Talks

Today, almost everything works because of the software inside it. And yet, software contains bugs. No matter how carefully we write our code, no matter how thoroughly we test it, sooner or later it will break. If our software doesn't perform reliably, neither can anything else.

Why is it so difficult to create reliable programs? In contrast to nearly every other engineering discipline (which routinely use techniques such as self-stability, fail-safety, and feedback to build robust and resilient systems) software amplifies disturbances, and so builds systems which are inherently brittle. It doesn’t matter how thoroughly we error-check results or how carefully we catch exceptions, sooner or later a disturbance will start a crack in the code, which can spread to the whole system. That’s why we have to switch it off and switch it on again.

It doesn't have to be this way. We can write intrinsically stable software which uses the lessons from 5000 years of engineering practice. We can make code that consistently and provably behaves perfectly, even when it is impacted by stressors from outside and defects from within. The people who build the software to which we entrust our lives: this is how they do it.

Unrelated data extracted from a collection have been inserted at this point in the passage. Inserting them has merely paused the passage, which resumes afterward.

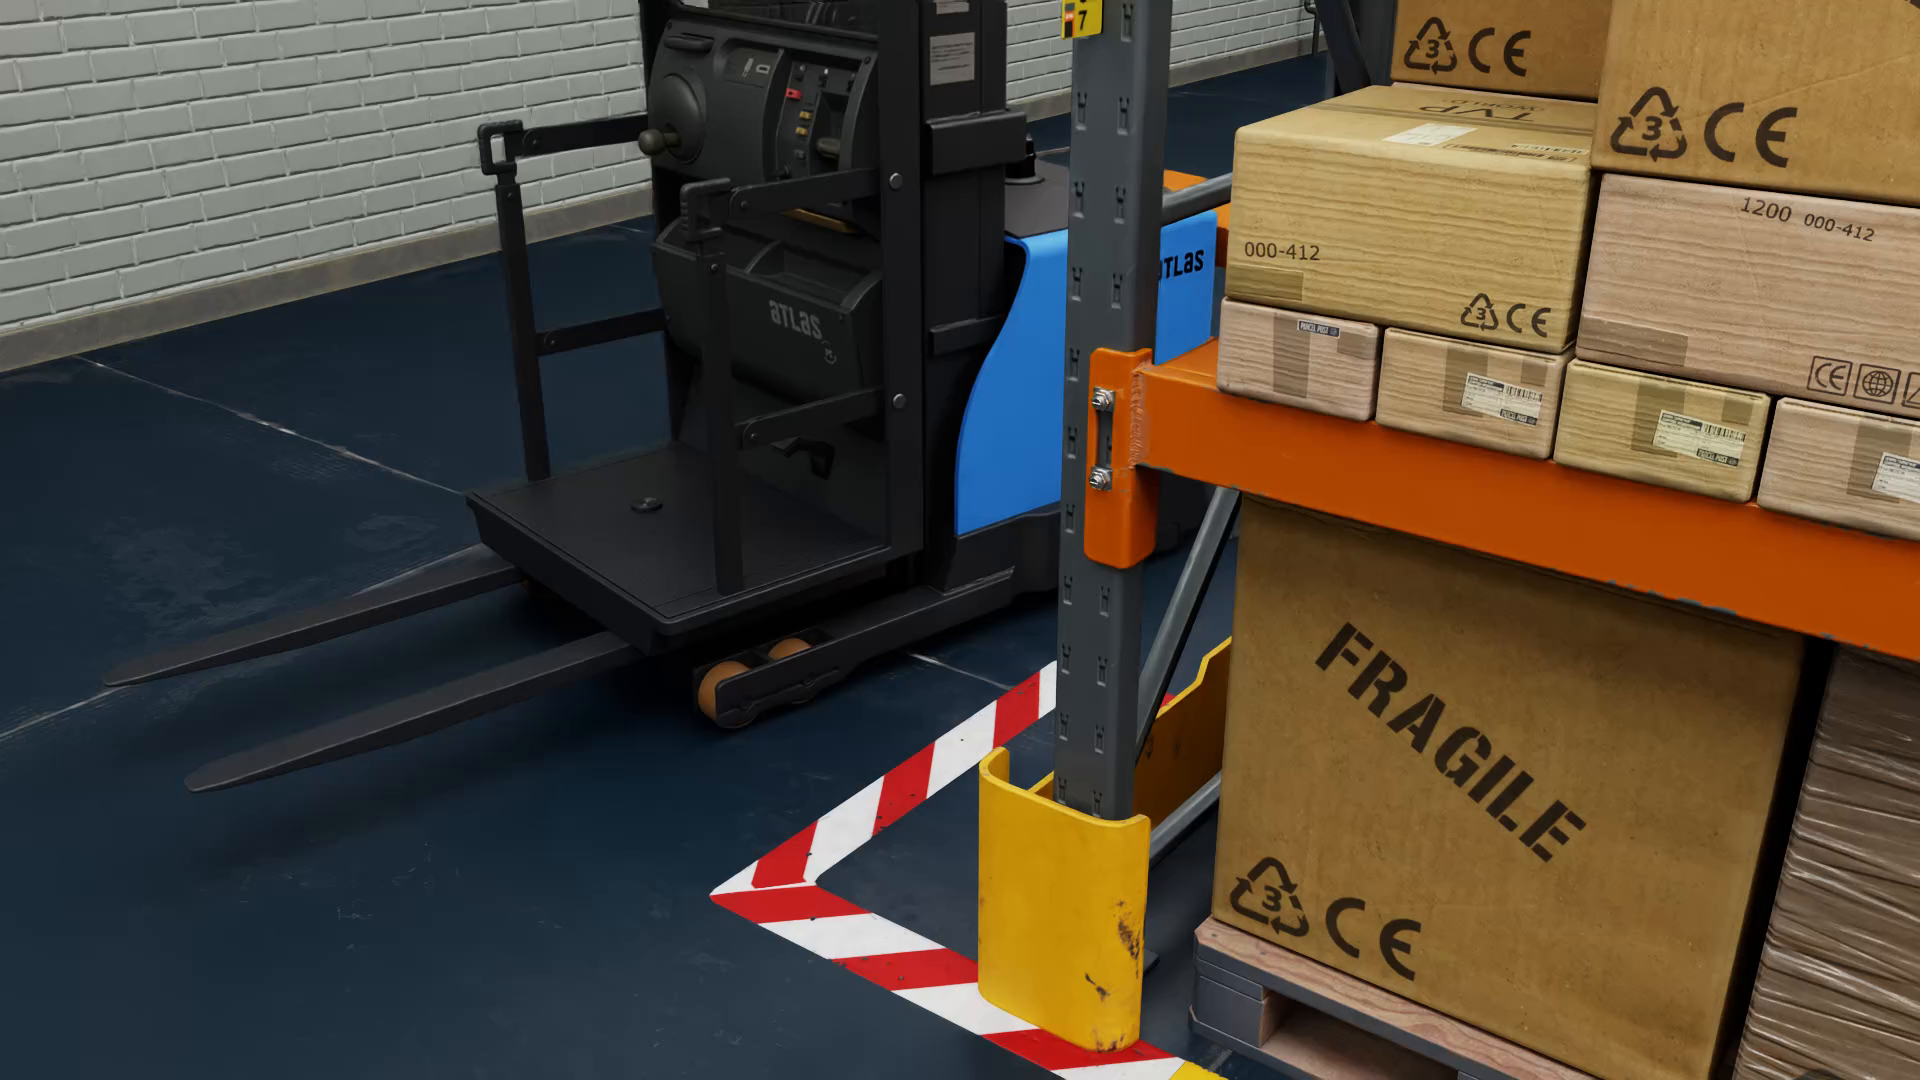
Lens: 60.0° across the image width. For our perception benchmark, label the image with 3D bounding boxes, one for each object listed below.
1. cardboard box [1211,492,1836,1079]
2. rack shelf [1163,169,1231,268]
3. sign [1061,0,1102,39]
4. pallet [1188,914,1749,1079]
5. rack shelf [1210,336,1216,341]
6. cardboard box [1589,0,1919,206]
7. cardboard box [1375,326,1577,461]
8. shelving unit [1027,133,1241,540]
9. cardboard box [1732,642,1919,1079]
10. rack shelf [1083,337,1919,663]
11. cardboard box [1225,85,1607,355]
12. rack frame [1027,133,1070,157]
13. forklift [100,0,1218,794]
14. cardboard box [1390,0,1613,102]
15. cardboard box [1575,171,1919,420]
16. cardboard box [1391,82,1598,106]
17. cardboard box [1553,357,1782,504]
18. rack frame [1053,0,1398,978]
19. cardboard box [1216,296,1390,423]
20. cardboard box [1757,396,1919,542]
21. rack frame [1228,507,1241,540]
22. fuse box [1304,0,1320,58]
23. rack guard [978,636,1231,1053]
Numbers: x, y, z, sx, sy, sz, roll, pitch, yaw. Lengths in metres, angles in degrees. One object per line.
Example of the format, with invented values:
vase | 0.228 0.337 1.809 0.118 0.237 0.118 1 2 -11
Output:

And it turns out, once you know the secret, it costs much less money and takes far less time to build code that works perfectly than it does to wrestle with the buggy variety.

In this talk, Jules explains the fundamental difference between software and other kinds of engineering. He explores some of the anti-patterns that we believe will strengthen our code but which (in fact) make matters worse, and introduces a paradigm for creating code which is robust and reliable even in the presence of errors.

This is the key to flawless software, delivered faster.
Jules May
22 Consulting Ltd
Jules May is a software architect, consultant, and project leader known for designing systems that simply don’t fail. His work spans from safety-critical aviation and automotive software to enterprise cloud platforms, from DSLs and compiler design to algorithmic toolchains.

Starting his career in flight-control systems, Jules learned early that reliability isn’t a feature — it’s a necessity. That ethos has shaped a career focused on clarity, precision, and delivering technology that genuinely works.

He’s the author of Extreme Reliability: Programming Like Your Life Depends on It and the originator of Problem Space Analysis, a practical framework for understanding and solving complex technical problems.

Over the years, Jules has led engineering teams, advised global clients, and spoken at conferences across Europe on reliability, development culture, non-traditional computing and post-quantum security. He’s worked with organisations from start-ups to household names, building solutions that range from embedded systems to high-availability SaaS platforms.

A mathematician by training, a programmer by instinct, and a teacher by inclination, Jules brings a rare combination of theoretical depth and hands-on experience. Whether mentoring developers or shaping strategy as a fractional CTO, he focuses on one thing above all: making software that does what it’s meant to — every time.